[Opening Supplied material section]
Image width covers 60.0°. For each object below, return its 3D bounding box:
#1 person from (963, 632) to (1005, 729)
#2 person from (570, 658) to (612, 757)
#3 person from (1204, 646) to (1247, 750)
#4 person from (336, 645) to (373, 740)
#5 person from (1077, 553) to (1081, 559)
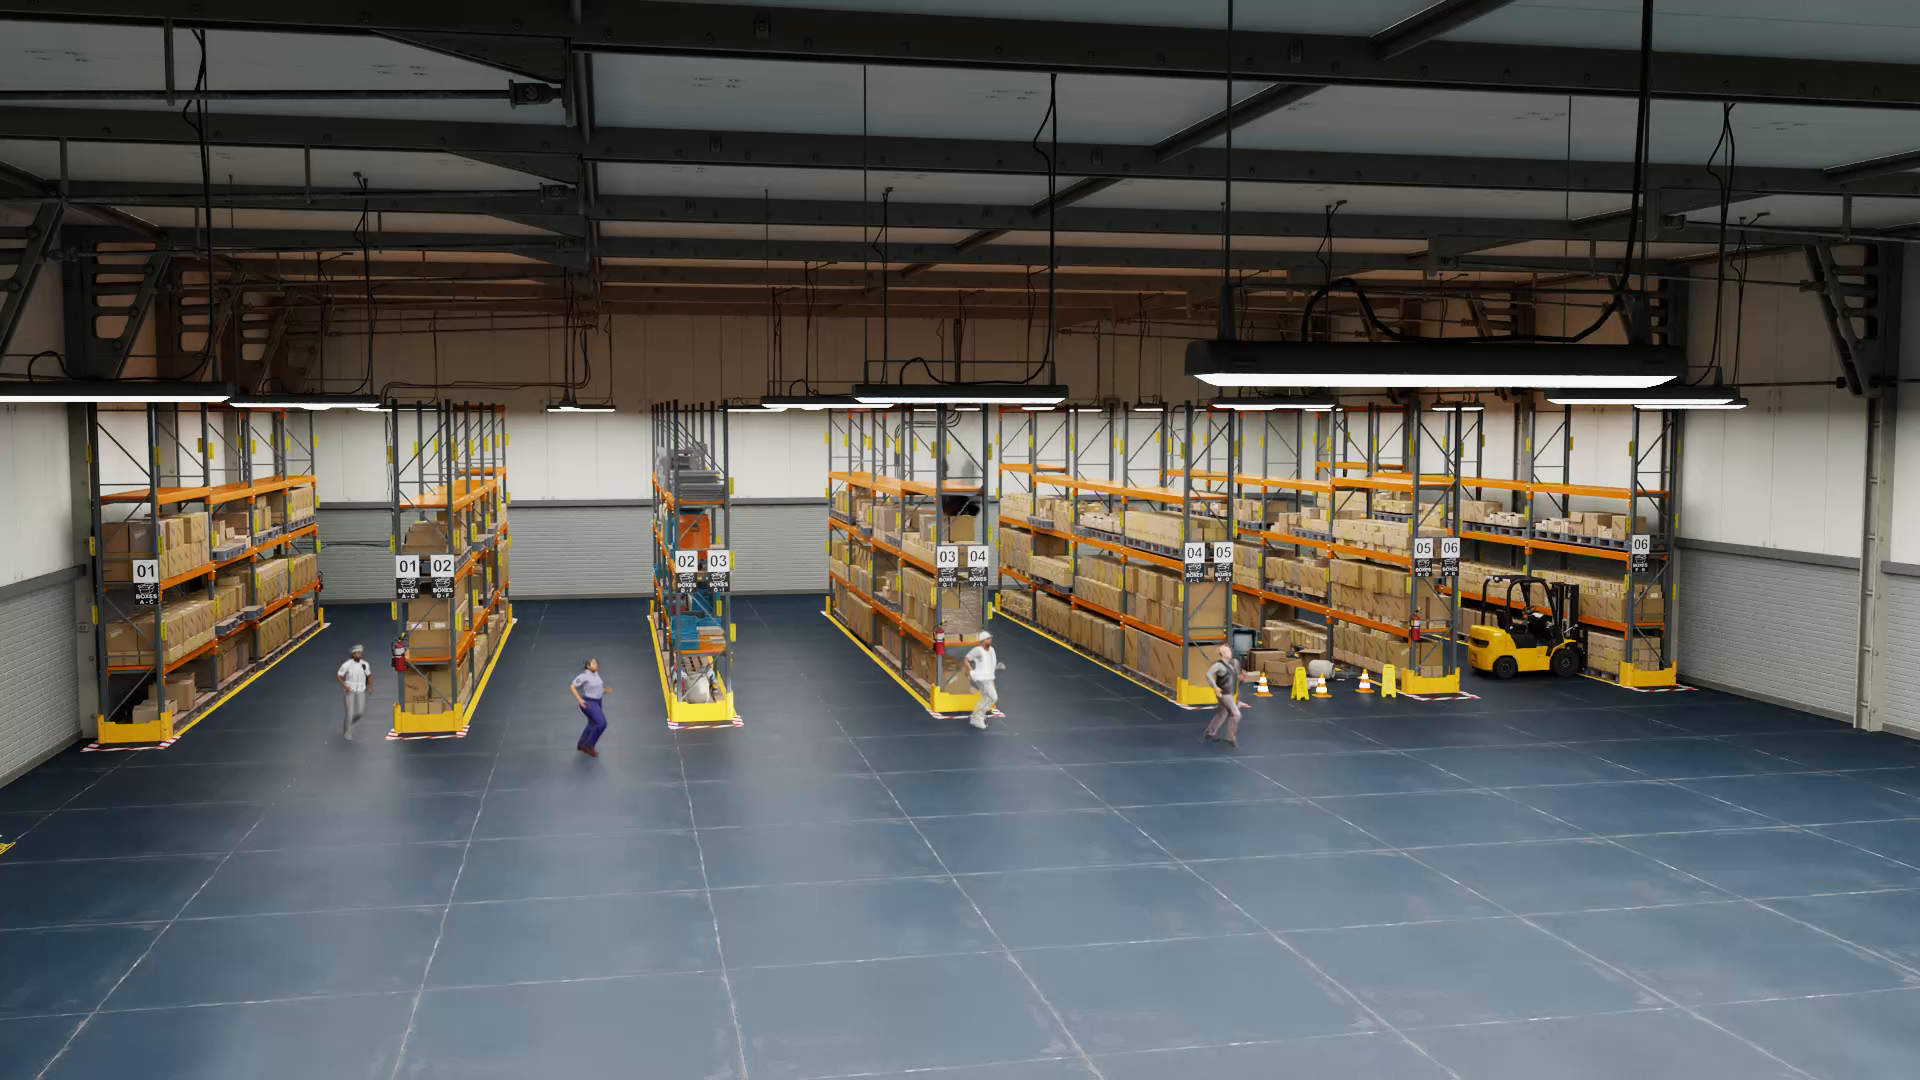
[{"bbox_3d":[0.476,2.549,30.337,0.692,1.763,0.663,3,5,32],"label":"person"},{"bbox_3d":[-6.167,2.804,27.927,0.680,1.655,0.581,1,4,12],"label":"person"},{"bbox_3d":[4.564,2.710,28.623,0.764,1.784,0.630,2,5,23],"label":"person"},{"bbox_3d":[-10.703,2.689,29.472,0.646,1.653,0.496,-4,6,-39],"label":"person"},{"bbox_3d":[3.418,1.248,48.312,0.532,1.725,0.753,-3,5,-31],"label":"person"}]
[Closing Supplied material section]
Assignment:
When the line with "#3 person from (1204, 646) to (1247, 750)" is reached in the data above, start copying there, and copy each line exactly until the line with "#4 person from (336, 645) to (373, 740)" has been copied; copy nothing else.

Response area:
#3 person from (1204, 646) to (1247, 750)
#4 person from (336, 645) to (373, 740)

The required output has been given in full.